20 Parenting Guidance from Allah
Allah says that Luqman (AS) was given wisdom – that means that the actions he took and sayings of this verse reflect a wise and instructed way of parenting. 1) The Prophet Luqman was a great example for his son, however, he did not leave it up to good example, he took the time and initiative to SPEAK to his son 2) What did he choose to speak about? He did not advise his son how to get rich, what career to choose… he chose the most important spiritual advice and moral character to speak to his son about! 3) He (AS) did not leave it to his wife to raise his child, he did it himself once his son was of the age to understand. 3) He (AS) did not leave it to his son to figure things out for himself, it was necessary to give his son guidance and instruction

21 Guidance from Sura Luqman
How did he approach his son?! He calls his son in Quran “ya bunay” which is an Arabic term of endearment when used for a grown boy, especially to show that this advice is given from a place of love and compassion! Now let’s look closely at what Luqman (AS) said to his son:

22 Guidance from Sura Luqman
Now let’s look closely at what Luqman (AS) said to his son: 1st in priority He spoke about Allah’s rights to be worshipped alone and was stern about this. Then, he established his role – He reminded his son that he must be good to his parents i.e. Luqman (AS) himself. He established a parent/child relationship… not a buddy, friend relationship

23 The Parent/Child Relationship
Meaning that he was deserving of respect since his mother bore him and weaned him. And Allah says: “Show gratitude to Me, and to your parents” verse 14. So with kindness, he set the standard of respect and obedience of his child. Then he qualified the obedience by saying – obey but not in committing shirk – or associating partners with Allah or disobeying Allah.

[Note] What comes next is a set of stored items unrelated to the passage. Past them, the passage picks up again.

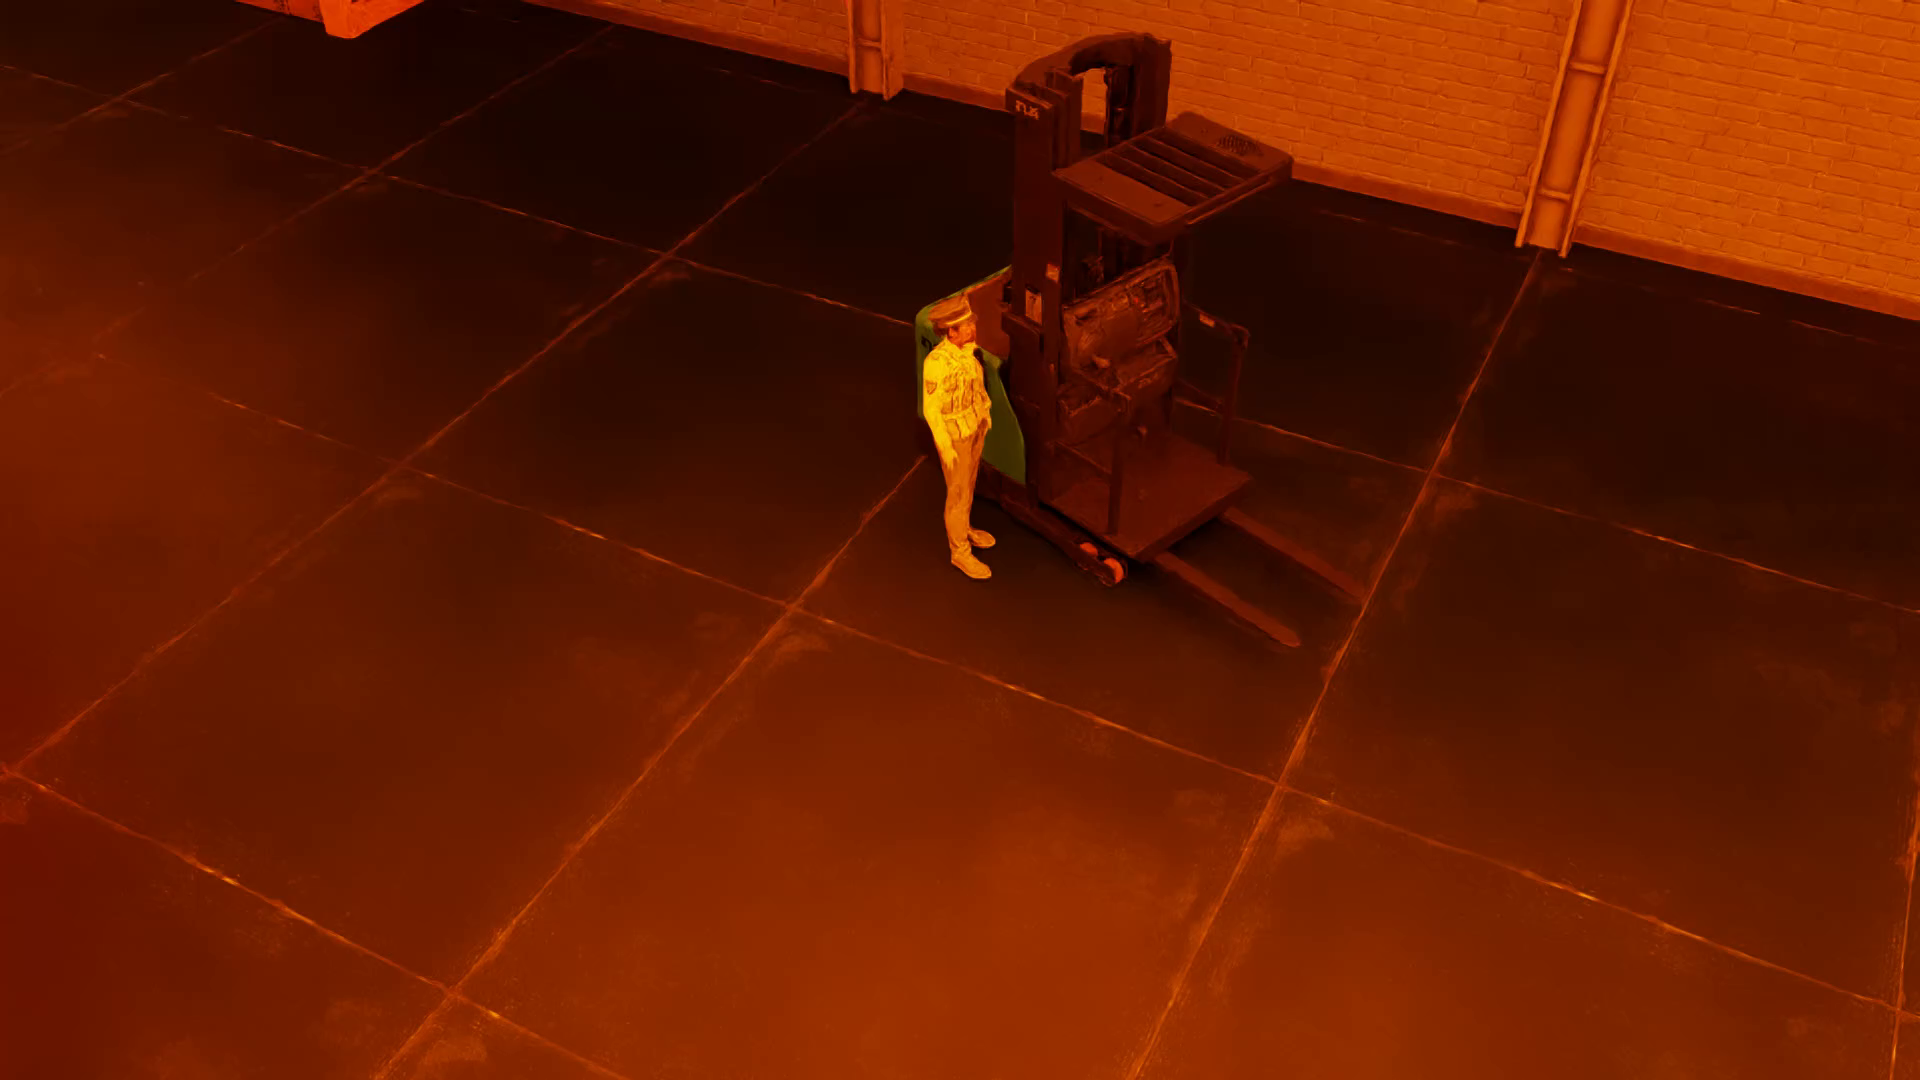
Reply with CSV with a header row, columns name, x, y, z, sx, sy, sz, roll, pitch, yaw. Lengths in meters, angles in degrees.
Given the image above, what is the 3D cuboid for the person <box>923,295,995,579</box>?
name,x,y,z,sx,sy,sz,roll,pitch,yaw
person,0.058,-0.636,9.677,0.529,1.693,0.586,18,43,21

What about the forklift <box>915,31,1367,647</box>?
name,x,y,z,sx,sy,sz,roll,pitch,yaw
forklift,1.074,-1.224,9.440,1.130,2.935,3.031,-31,49,-31
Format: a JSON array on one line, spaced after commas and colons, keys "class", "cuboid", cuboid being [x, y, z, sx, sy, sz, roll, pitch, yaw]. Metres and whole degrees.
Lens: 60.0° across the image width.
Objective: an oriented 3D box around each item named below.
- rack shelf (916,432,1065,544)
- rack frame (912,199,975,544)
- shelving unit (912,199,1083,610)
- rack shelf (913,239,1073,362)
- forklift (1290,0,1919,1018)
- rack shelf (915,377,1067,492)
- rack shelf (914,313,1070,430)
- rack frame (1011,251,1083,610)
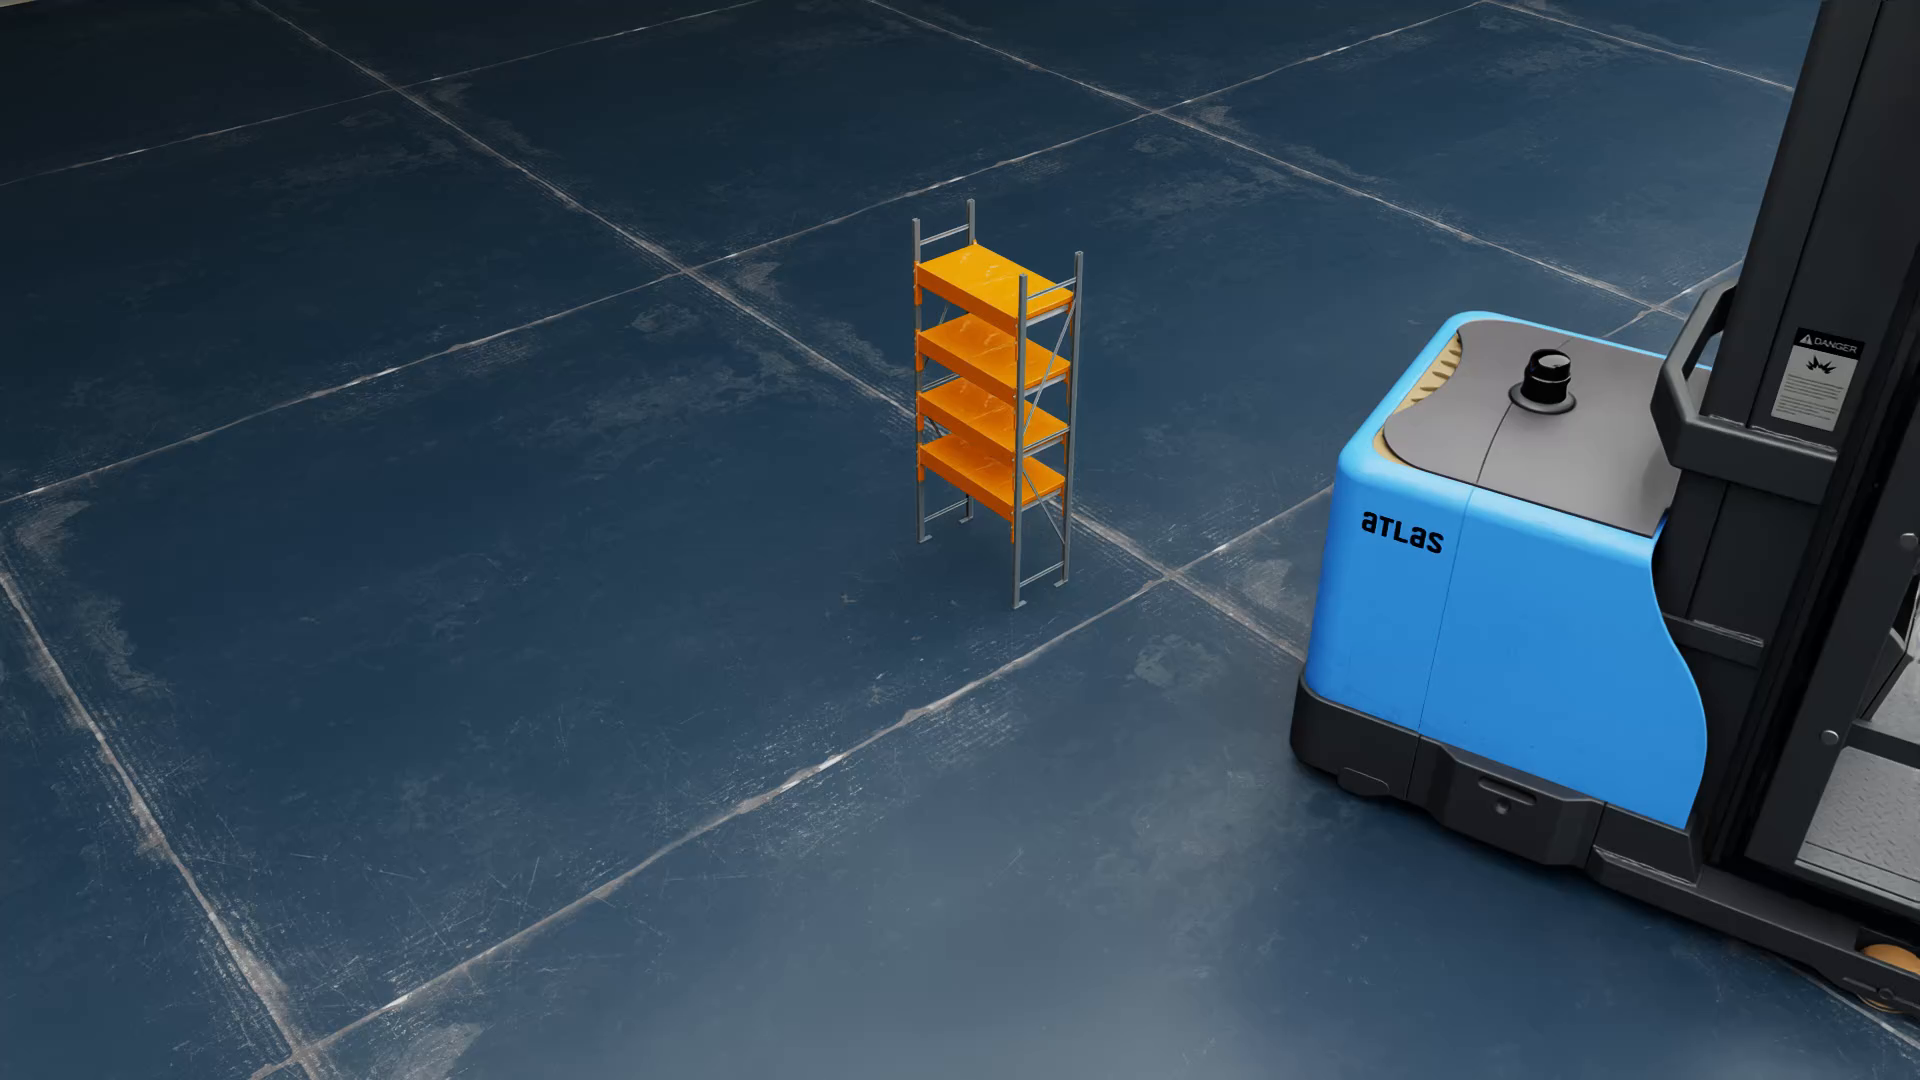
[{"class": "rack shelf", "cuboid": [0.107, -0.200, 5.454, 0.258, 0.148, 0.480, -26, 43, -32]}, {"class": "rack frame", "cuboid": [-0.051, -0.524, 5.452, 0.240, 1.200, 0.015, -26, 43, -32]}, {"class": "shelving unit", "cuboid": [0.107, -0.417, 5.300, 0.258, 1.200, 0.503, -26, 43, -32]}, {"class": "rack shelf", "cuboid": [0.107, -0.737, 5.073, 0.258, 0.148, 0.480, -26, 43, -32]}, {"class": "forklift", "cuboid": [2.475, -0.326, 3.674, 3.031, 2.935, 1.130, 20, 40, 25]}, {"class": "rack shelf", "cuboid": [0.107, -0.362, 5.339, 0.258, 0.148, 0.480, -26, 43, -32]}, {"class": "rack shelf", "cuboid": [0.107, -0.544, 5.210, 0.258, 0.148, 0.480, -26, 43, -32]}, {"class": "rack frame", "cuboid": [0.264, -0.309, 5.148, 0.240, 1.200, 0.015, -26, 43, -32]}]
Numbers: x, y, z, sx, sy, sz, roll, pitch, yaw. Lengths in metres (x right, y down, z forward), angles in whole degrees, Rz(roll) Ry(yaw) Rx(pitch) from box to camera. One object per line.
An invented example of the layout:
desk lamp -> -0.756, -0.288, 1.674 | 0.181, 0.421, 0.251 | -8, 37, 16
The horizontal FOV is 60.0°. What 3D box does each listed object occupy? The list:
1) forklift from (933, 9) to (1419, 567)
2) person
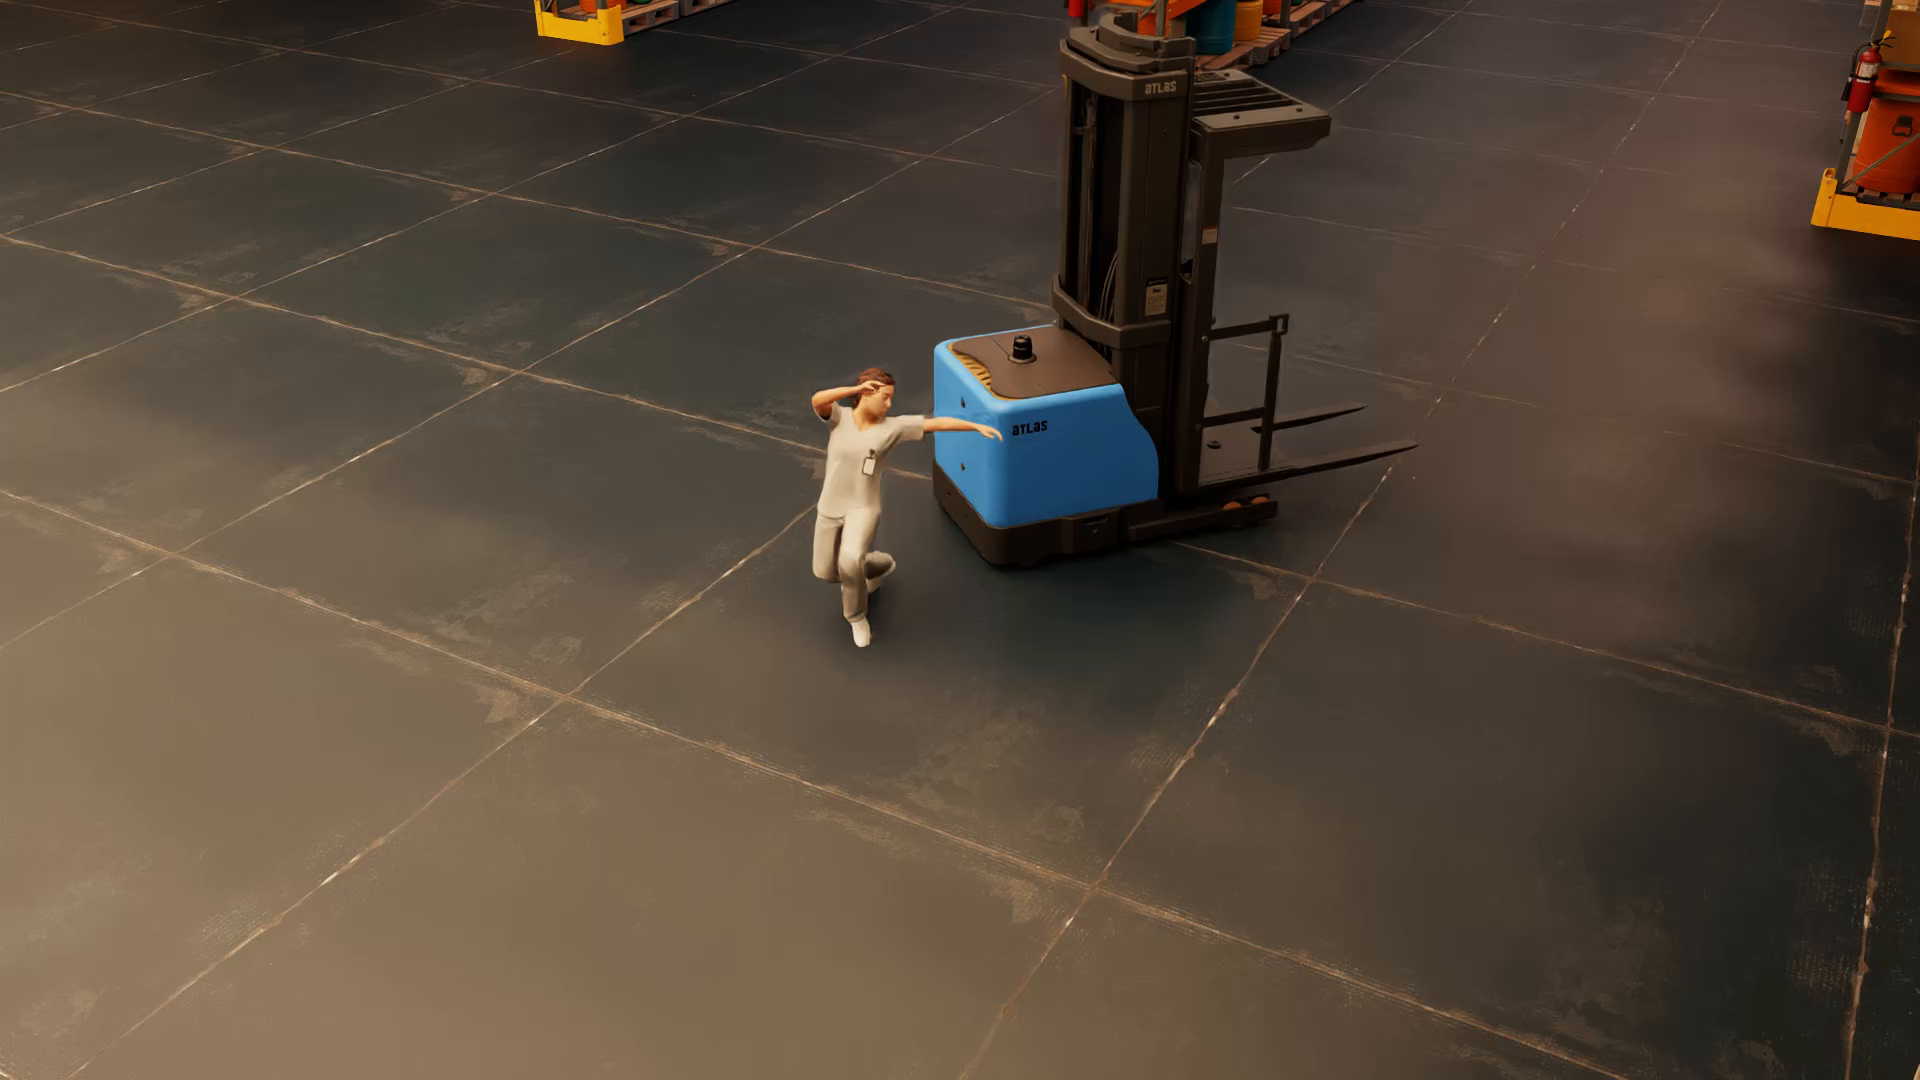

24 Duty to Allah & Good Moral Values
Then Luqman (AS) tells his son to be regular in prayer, do what is just, forbid what is wrong, and be patient when something bad befalls him Then Luqman (AS) transitions into good moral values – telling him not to be insolent, arrogant or puffed up, and to be moderate in his voice, and gives him an example to understand – that the donkey’s sound is a harsh one.

25 Summary May Allah bless our efforts to raise good, pious children who will pray for us when we die, Ameen.